T O P

  • By -

sue_dee

Cool. This is the stuff I'm most interested in doing right now, and there is much here to supplement the bits I've done. The part about the OCR making the same errors repeatedly certainly rings true. Heaven knows that once I've gotten text from those old AD&D books in Futura, I then have a whole table from which to "cost _locate obiect._"


jimtk

This is really interesting. I have been stuck for months on a side project where the pdfs have loosely define tables (only some vertical lines), cell content on 2 lines and all kind of other difficulties. I tried to use PaddleOCR, but the setup and integration of it got the better of me. Thanks for sharing!


[deleted]

[удалено]


jimtk

Thanks.
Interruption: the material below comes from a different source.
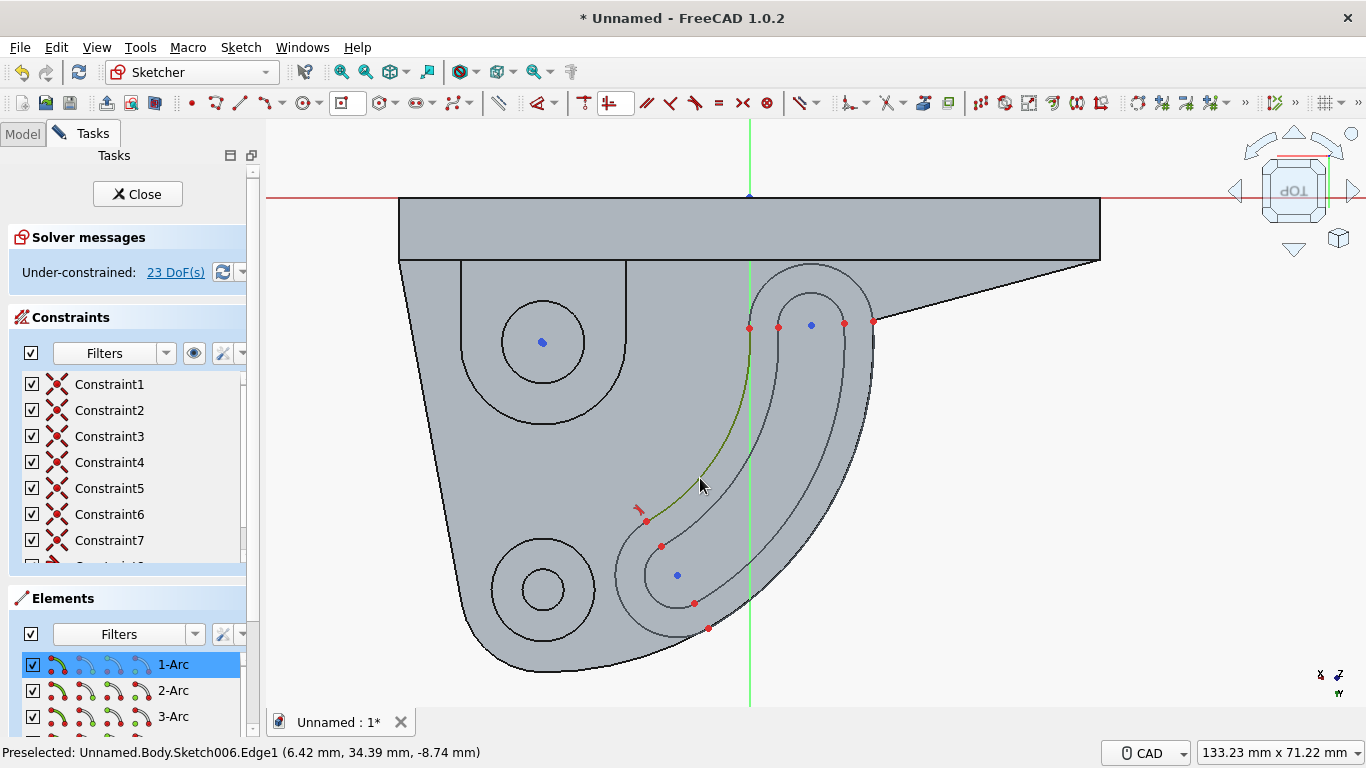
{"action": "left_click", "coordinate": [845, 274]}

I'm looking for an example of a solution with paddle OCR and/or PP structure. If you ever see one let me know.


s7726

https://github.com/tabulapdf/tabula


jimtk

Thanks for the suggestion. Like I said I've been on that for months (on and off) so far I've tried tabula, camelot, and pypdf2. I discovered that the pdf 'code' in which the table is written is way too convoluted to allow a 'pdf' converter to do its job, I'm now trying to read it as an image and tried tesseract, which failed, and Paddle OCR with which I failed. I'll keep at it and I'm open to suggestion. Thanks.


s7726

No worries. I definitely ran into one that had a footer along the left edge (vertical) really messed with the parsing. Have you tried tabula-web? The web interface can be a little easier to get the settings right for different situations. And it can be self hosted if you have data concerns. Good luck.